Project description:Organisms constantly interact with other species through physical contact which leads to changes on the molecular level, for example the transcriptome. These changes can be monitored for all genes, with the help of high-throughput experiments such as RNA-seq or microarrays. The adaptation of the gene expression to environmental changes within cells is mediated through complex gene regulatory networks. Often, our knowledge of these networks is incomplete. Network inference predicts gene regulatory interactions based on transcriptome data. An emerging application of high-throughput transcriptome studies are dual transcriptomics experiments. Here, the transcriptome of two or more interacting species is measured simultaneously. Based on a dual RNA-seq data set of murine dendritic cells infected with the fungal pathogen Candida albicans, the software tool NetGenerator was applied to predict an inter-species gene regulatory network. To promote further investigations of molecular inter-species interactions, we recently discussed dual RNA-seq experiments for host-pathogen interactions and extended the applied tool NetGenerator (Schulze et al., 2015). The updated version of NetGenerator makes use of measurement variances in the algorithmic procedure and accepts gene expression time series data with missing values.

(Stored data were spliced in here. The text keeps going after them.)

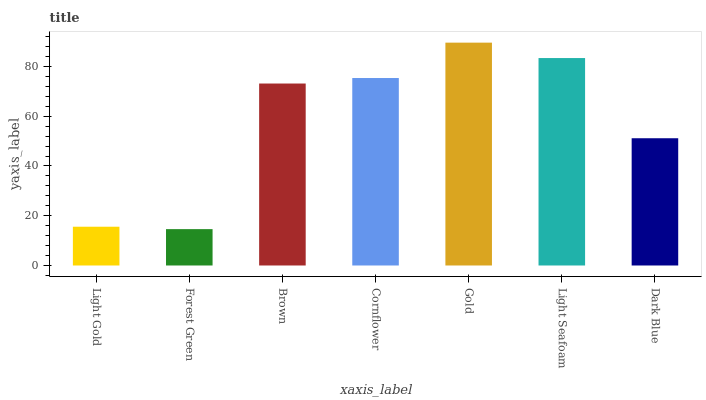Is Brown the minimum?
Answer yes or no. No. Is Brown the maximum?
Answer yes or no. No. Is Brown greater than Forest Green?
Answer yes or no. Yes. Is Forest Green less than Brown?
Answer yes or no. Yes. Is Forest Green greater than Brown?
Answer yes or no. No. Is Brown less than Forest Green?
Answer yes or no. No. Is Brown the high median?
Answer yes or no. Yes. Is Brown the low median?
Answer yes or no. Yes. Is Forest Green the high median?
Answer yes or no. No. Is Gold the low median?
Answer yes or no. No. 
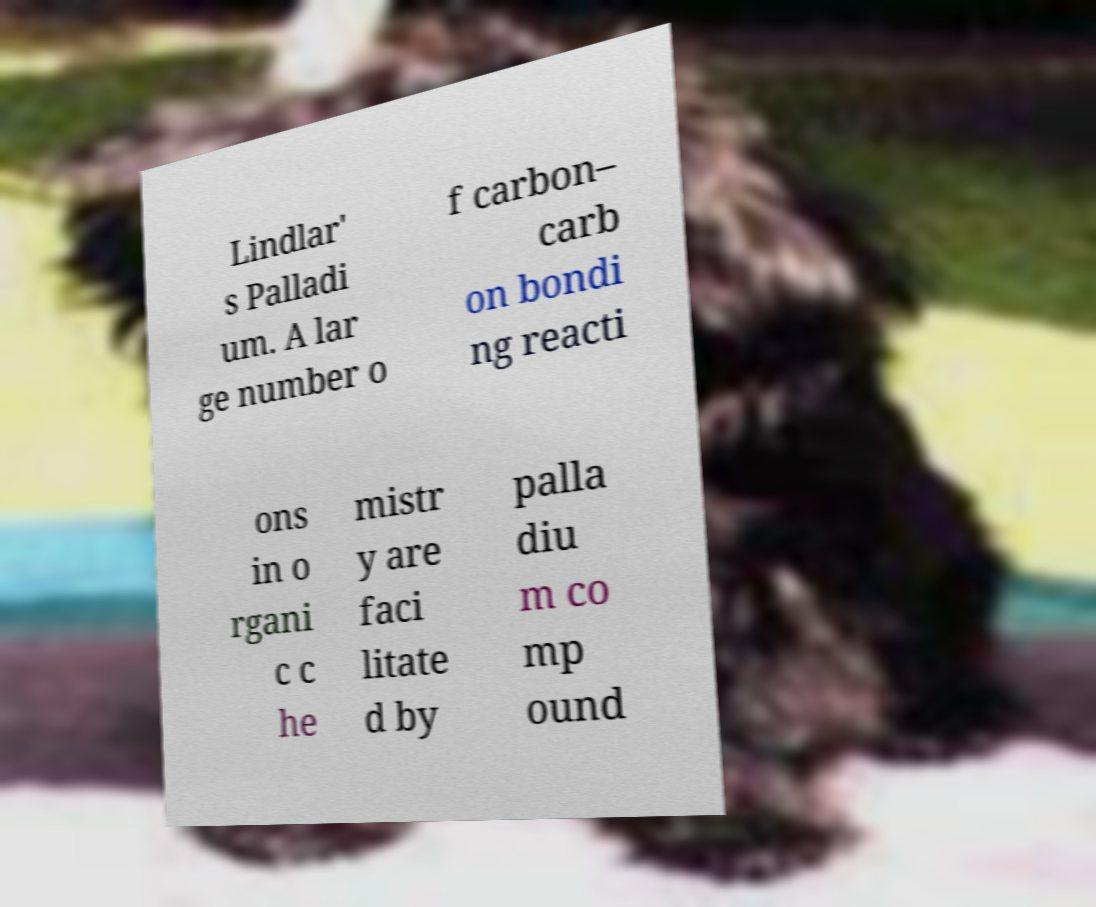For documentation purposes, I need the text within this image transcribed. Could you provide that? Lindlar' s Palladi um. A lar ge number o f carbon– carb on bondi ng reacti ons in o rgani c c he mistr y are faci litate d by palla diu m co mp ound 
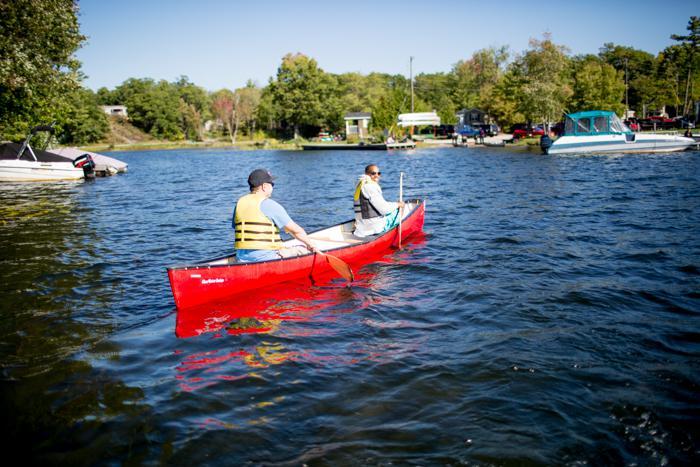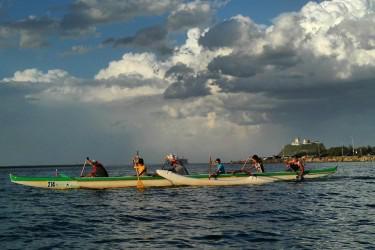The first image is the image on the left, the second image is the image on the right. For the images displayed, is the sentence "An image shows just one bright yellow watercraft with riders." factually correct? Answer yes or no. No. 
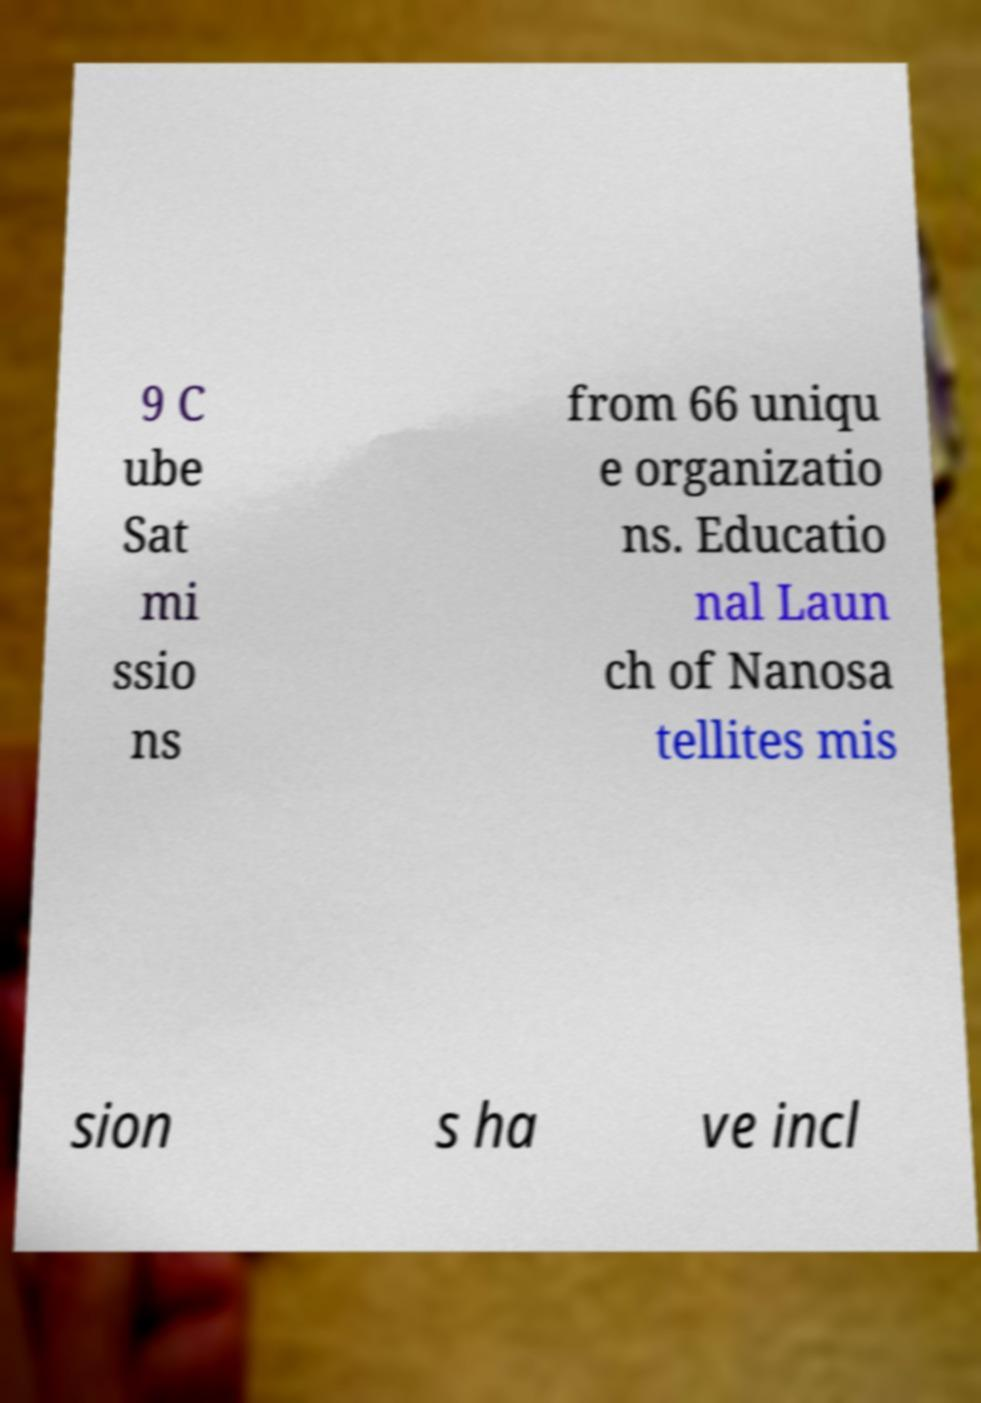Please read and relay the text visible in this image. What does it say? 9 C ube Sat mi ssio ns from 66 uniqu e organizatio ns. Educatio nal Laun ch of Nanosa tellites mis sion s ha ve incl 
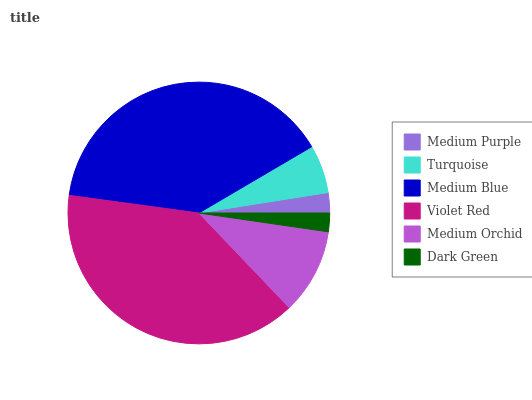Is Dark Green the minimum?
Answer yes or no. Yes. Is Medium Blue the maximum?
Answer yes or no. Yes. Is Turquoise the minimum?
Answer yes or no. No. Is Turquoise the maximum?
Answer yes or no. No. Is Turquoise greater than Medium Purple?
Answer yes or no. Yes. Is Medium Purple less than Turquoise?
Answer yes or no. Yes. Is Medium Purple greater than Turquoise?
Answer yes or no. No. Is Turquoise less than Medium Purple?
Answer yes or no. No. Is Medium Orchid the high median?
Answer yes or no. Yes. Is Turquoise the low median?
Answer yes or no. Yes. Is Violet Red the high median?
Answer yes or no. No. Is Dark Green the low median?
Answer yes or no. No. 
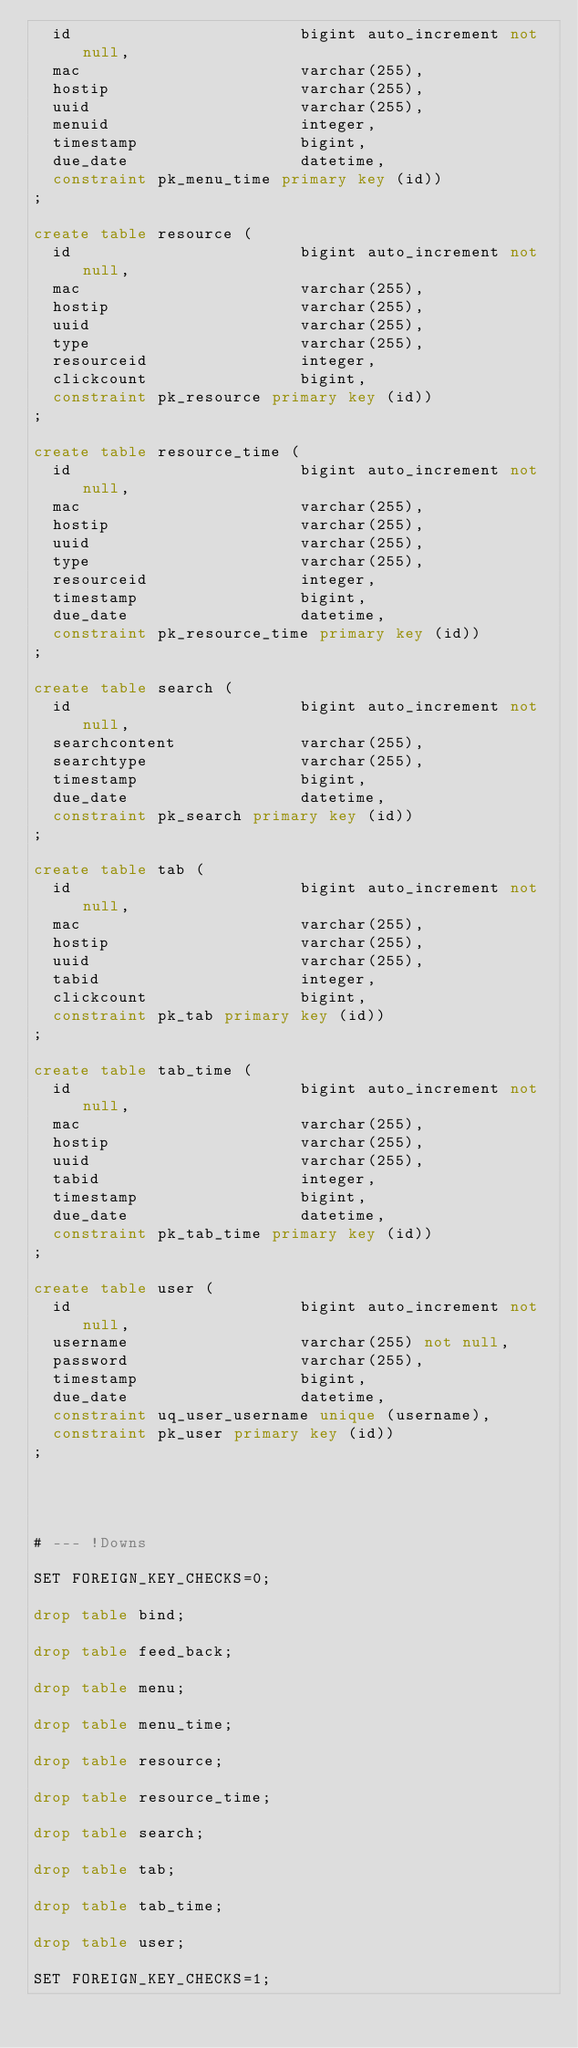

Additionally, we tested multiple modeling scenarios regarding the stimuli functions of the gene regulatory network. Here, we summarize the work by Schulze et al. (2015) and put it into a broader context. We review various studies making use of the dual transcriptomics approach to investigate the molecular basis of interacting species. Besides the application to host-pathogen interactions, dual transcriptomics data are also utilized to study mutualistic and commensalistic interactions. Furthermore, we give a short introduction into additional approaches for the prediction of gene regulatory networks and discuss their application to dual transcriptomics data. We conclude that the application of network inference on dual-transcriptomics data is a promising approach to predict molecular inter-species interactions.